### What is required
Transcribe, exactly and without pictures, the lines below from the line with "Page size: 1500x844." to the line with "Page size: 1241x1754.", both ends included, and no others.

### Input data
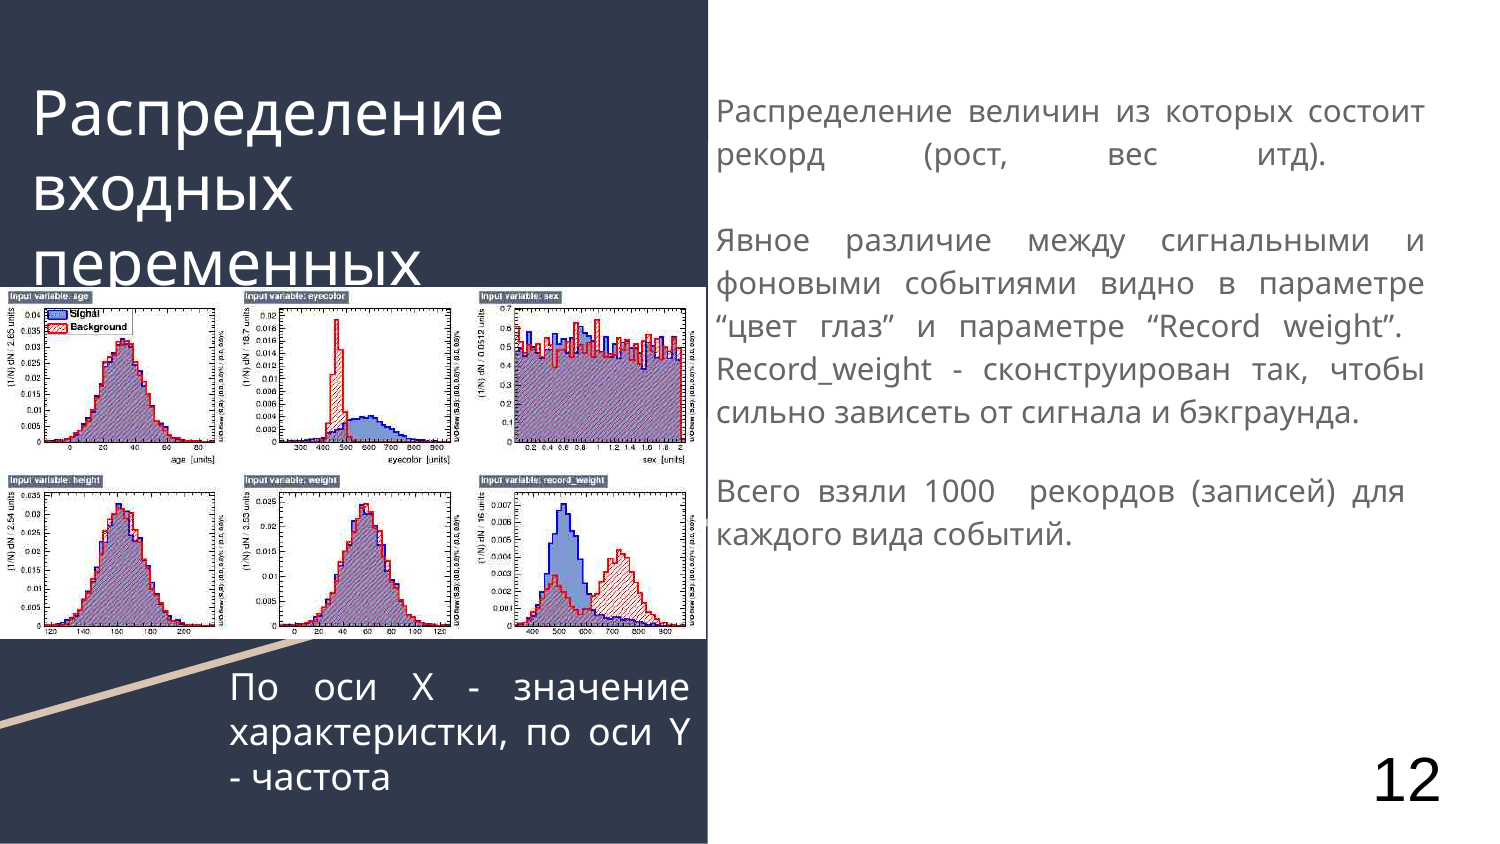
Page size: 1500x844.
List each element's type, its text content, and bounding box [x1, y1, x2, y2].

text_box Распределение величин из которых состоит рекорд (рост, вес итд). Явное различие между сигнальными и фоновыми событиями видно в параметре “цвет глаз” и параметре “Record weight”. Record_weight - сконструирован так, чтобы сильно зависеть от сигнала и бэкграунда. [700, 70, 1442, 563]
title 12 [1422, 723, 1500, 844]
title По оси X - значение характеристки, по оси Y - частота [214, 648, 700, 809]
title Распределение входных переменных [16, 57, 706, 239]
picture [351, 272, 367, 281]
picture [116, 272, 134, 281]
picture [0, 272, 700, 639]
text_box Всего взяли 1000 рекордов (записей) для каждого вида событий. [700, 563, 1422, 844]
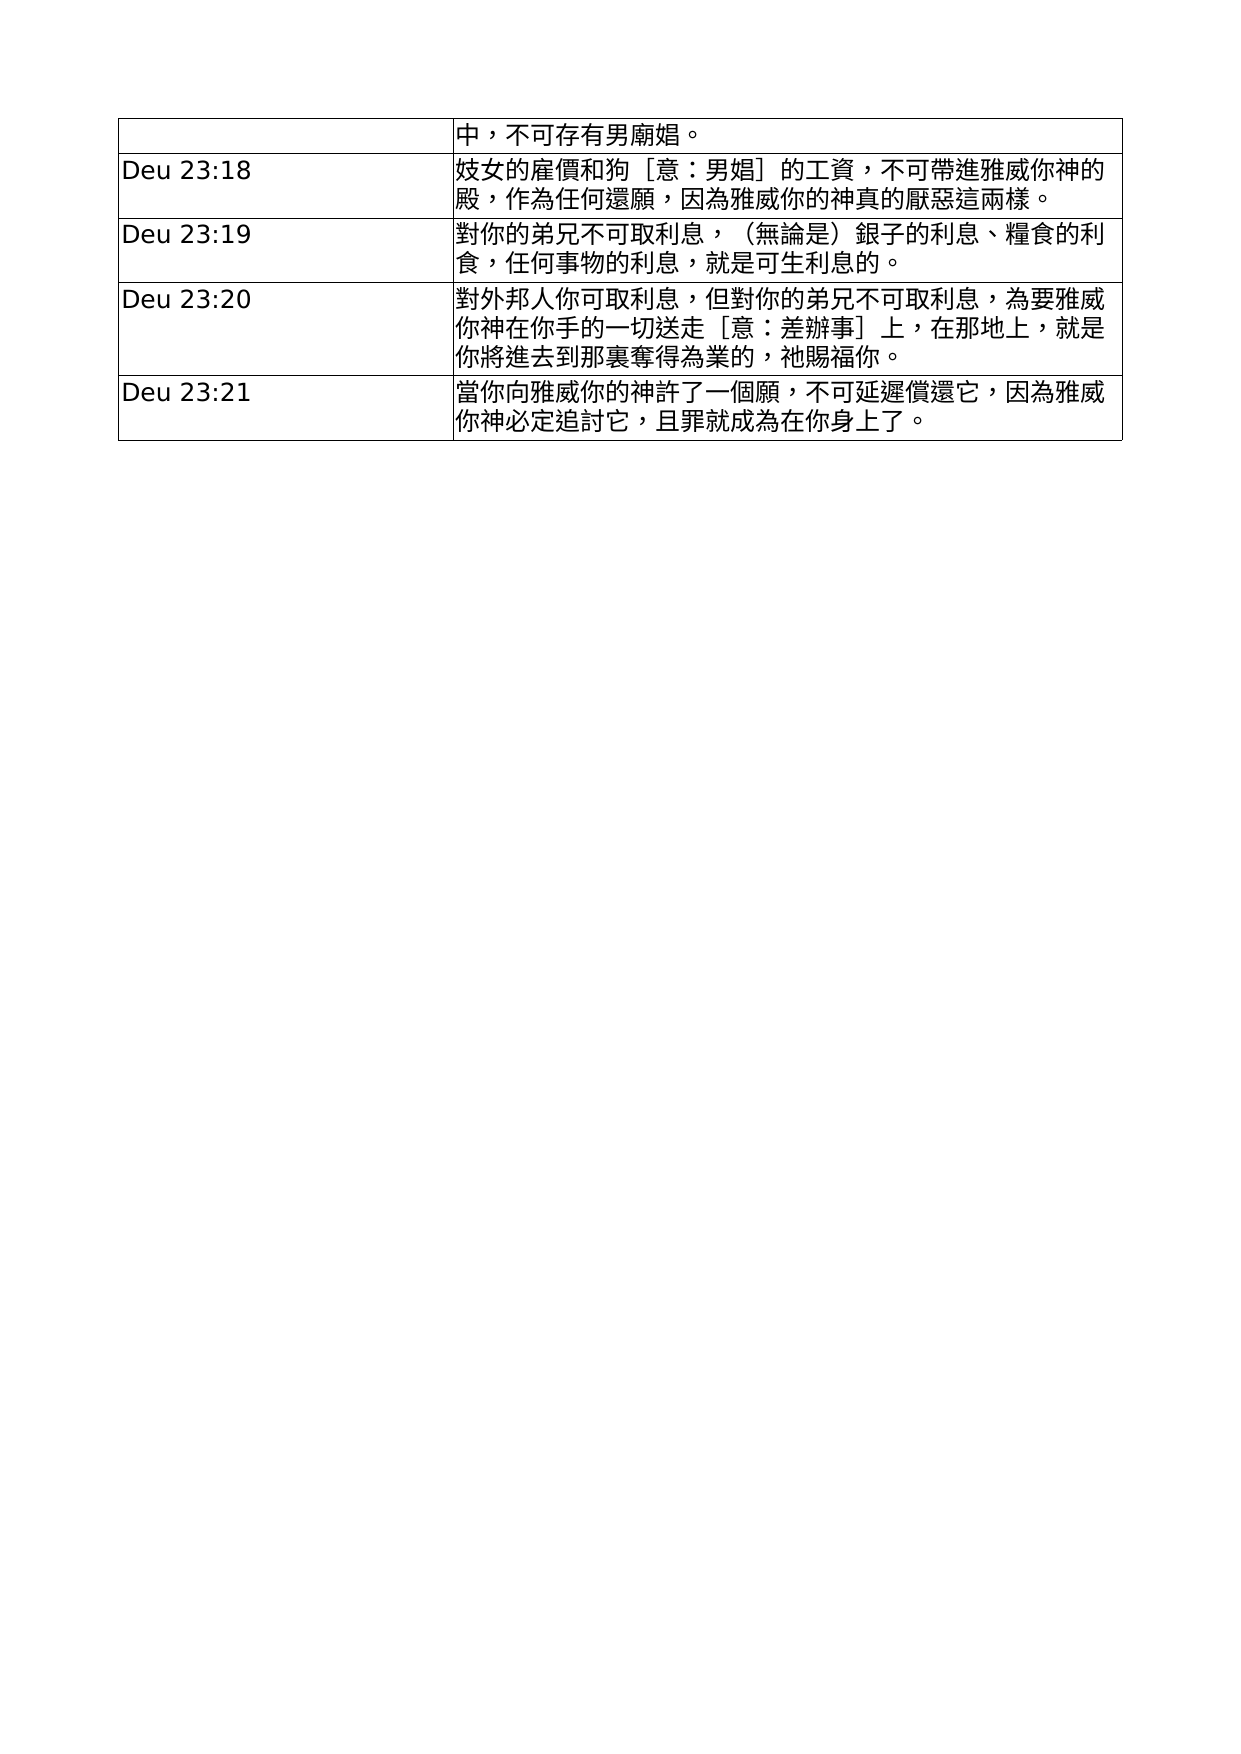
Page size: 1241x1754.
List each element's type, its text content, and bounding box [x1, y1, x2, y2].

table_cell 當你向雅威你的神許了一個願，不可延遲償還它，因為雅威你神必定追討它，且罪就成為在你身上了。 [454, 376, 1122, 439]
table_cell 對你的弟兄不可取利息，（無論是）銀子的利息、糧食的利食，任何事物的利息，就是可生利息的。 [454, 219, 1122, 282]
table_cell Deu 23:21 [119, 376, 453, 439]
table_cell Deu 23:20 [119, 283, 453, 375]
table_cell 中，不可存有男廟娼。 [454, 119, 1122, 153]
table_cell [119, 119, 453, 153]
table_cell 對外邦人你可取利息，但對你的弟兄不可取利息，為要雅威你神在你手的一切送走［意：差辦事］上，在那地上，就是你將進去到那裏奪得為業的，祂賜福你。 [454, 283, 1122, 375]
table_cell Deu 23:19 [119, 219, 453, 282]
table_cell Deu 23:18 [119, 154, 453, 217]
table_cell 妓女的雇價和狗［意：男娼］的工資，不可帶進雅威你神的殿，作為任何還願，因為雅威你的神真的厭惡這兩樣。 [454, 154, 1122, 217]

---

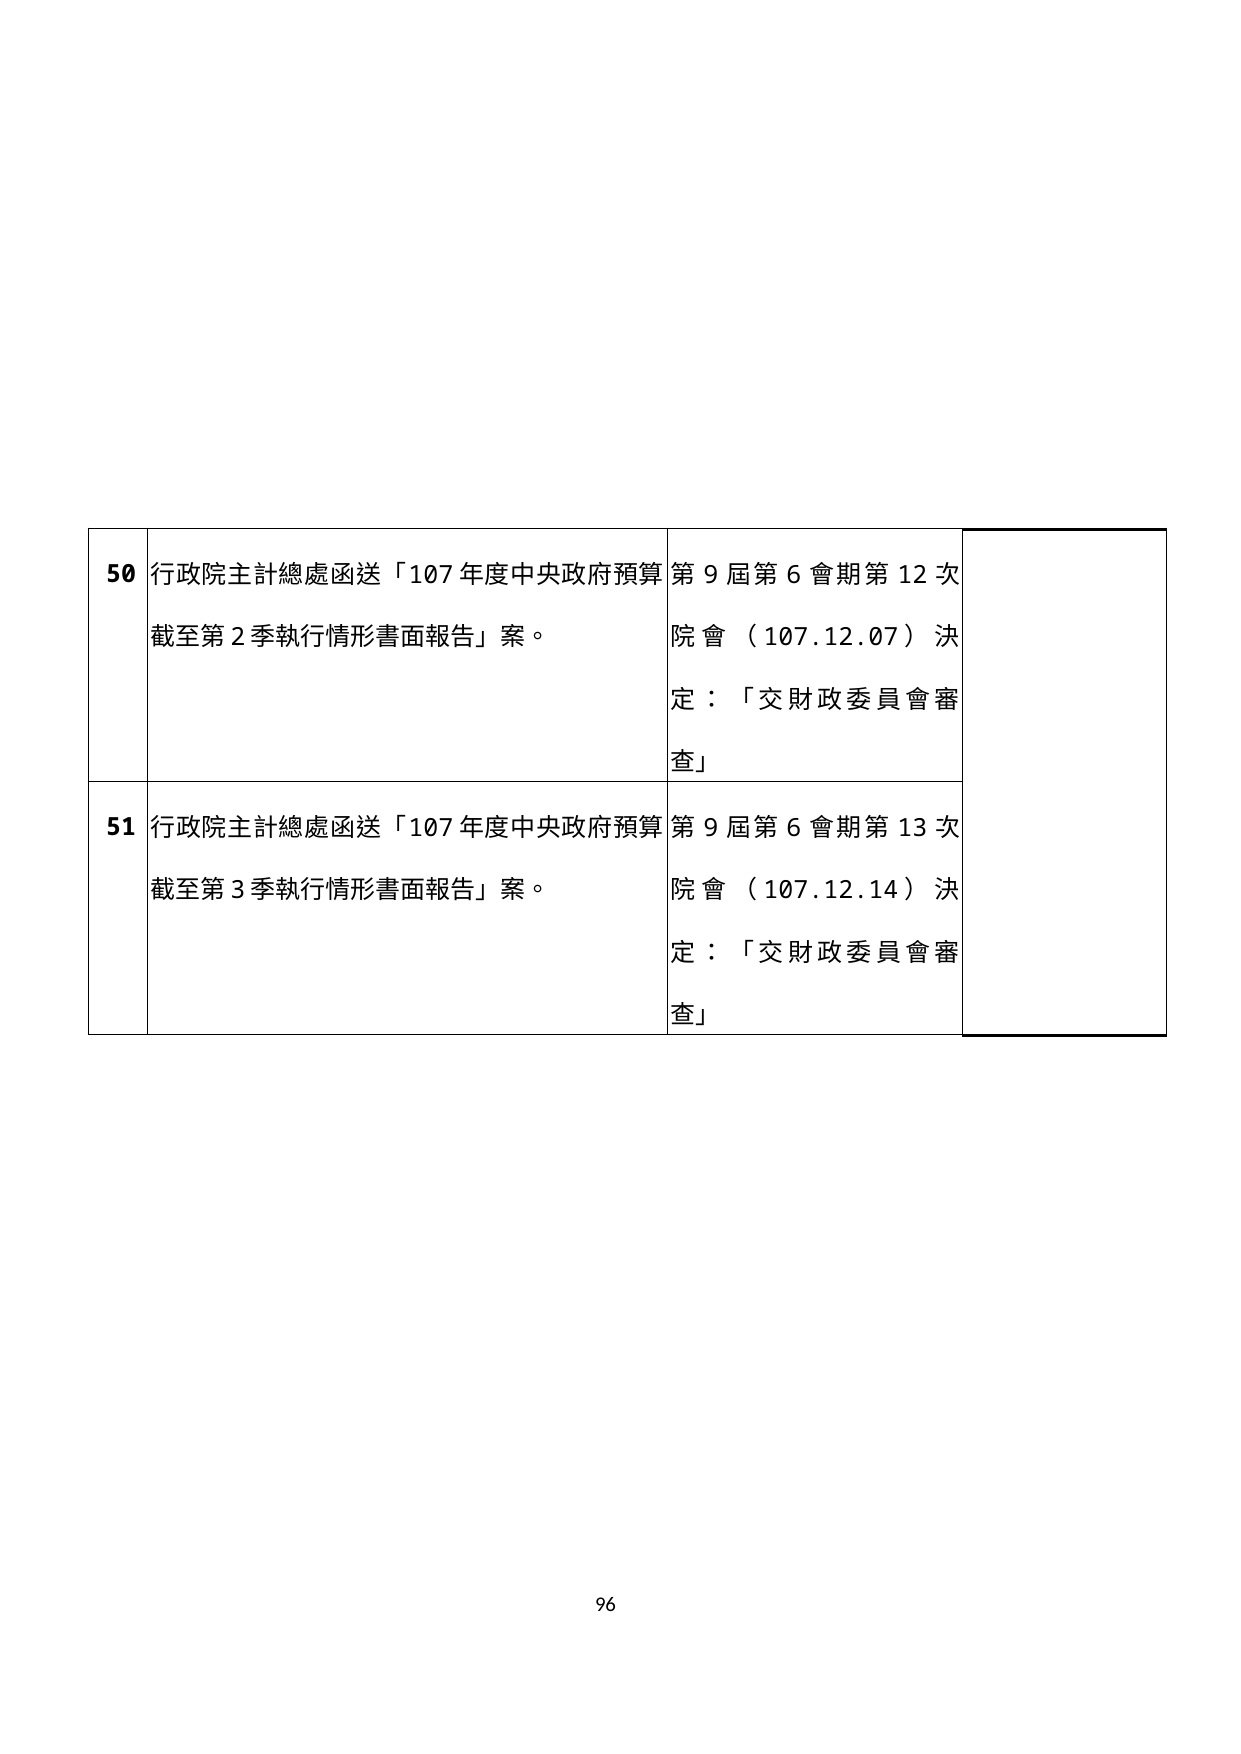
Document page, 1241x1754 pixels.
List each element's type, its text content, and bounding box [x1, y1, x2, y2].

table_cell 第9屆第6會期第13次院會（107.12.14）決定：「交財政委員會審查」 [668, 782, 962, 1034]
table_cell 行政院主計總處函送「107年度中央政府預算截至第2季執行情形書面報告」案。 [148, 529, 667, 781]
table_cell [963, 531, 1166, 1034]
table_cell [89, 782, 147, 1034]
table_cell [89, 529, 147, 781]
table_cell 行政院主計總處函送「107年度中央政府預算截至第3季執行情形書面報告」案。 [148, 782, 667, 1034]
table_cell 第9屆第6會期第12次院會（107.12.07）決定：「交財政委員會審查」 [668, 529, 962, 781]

--

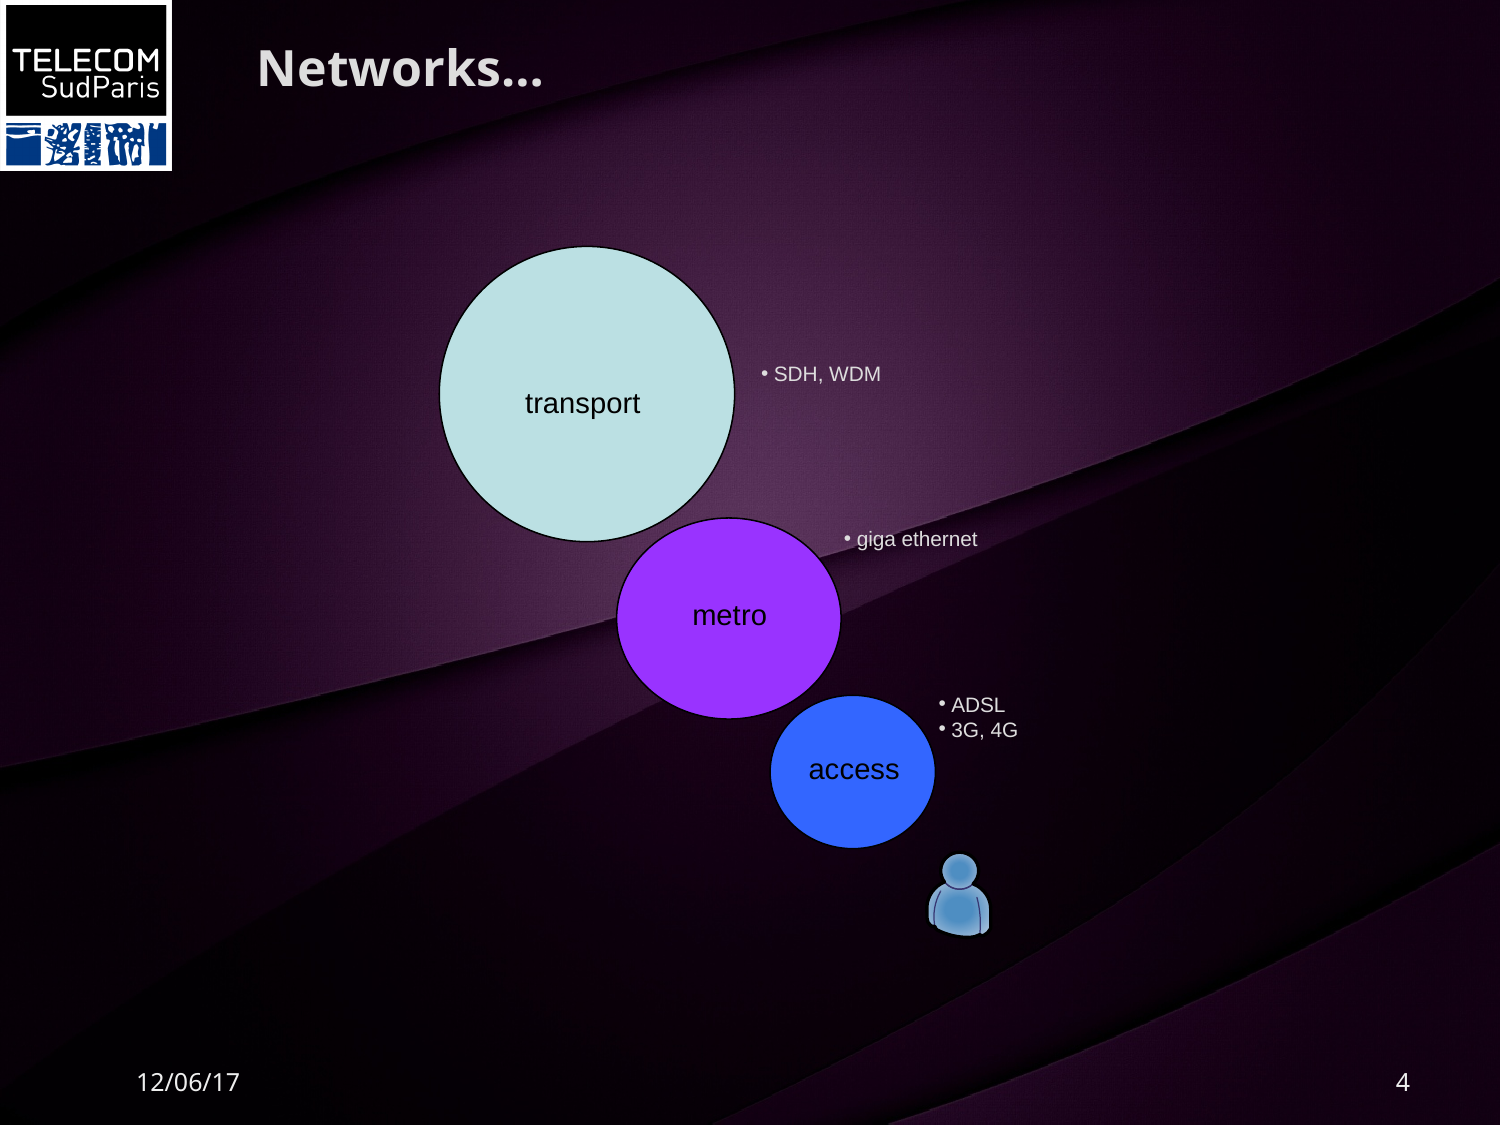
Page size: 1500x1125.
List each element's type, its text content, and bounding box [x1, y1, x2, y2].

### The answer
Page size: 1500x844.
List each element's type, its text content, and bounding box [x1, y1, x2, y2].

text_box Распределение величин из которых состоит рекорд (рост, вес итд). Явное различие между сигнальными и фоновыми событиями видно в параметре “цвет глаз” и параметре “Record weight”. Record_weight - сконструирован так, чтобы сильно зависеть от сигнала и бэкграунда. [700, 70, 1442, 563]
title 12 [1422, 723, 1500, 844]
title По оси X - значение характеристки, по оси Y - частота [214, 648, 700, 809]
title Распределение входных переменных [16, 57, 706, 239]
picture [351, 272, 367, 281]
picture [116, 272, 134, 281]
picture [0, 272, 700, 639]
text_box Всего взяли 1000 рекордов (записей) для каждого вида событий. [700, 563, 1422, 844]
Page size: 1241x1754.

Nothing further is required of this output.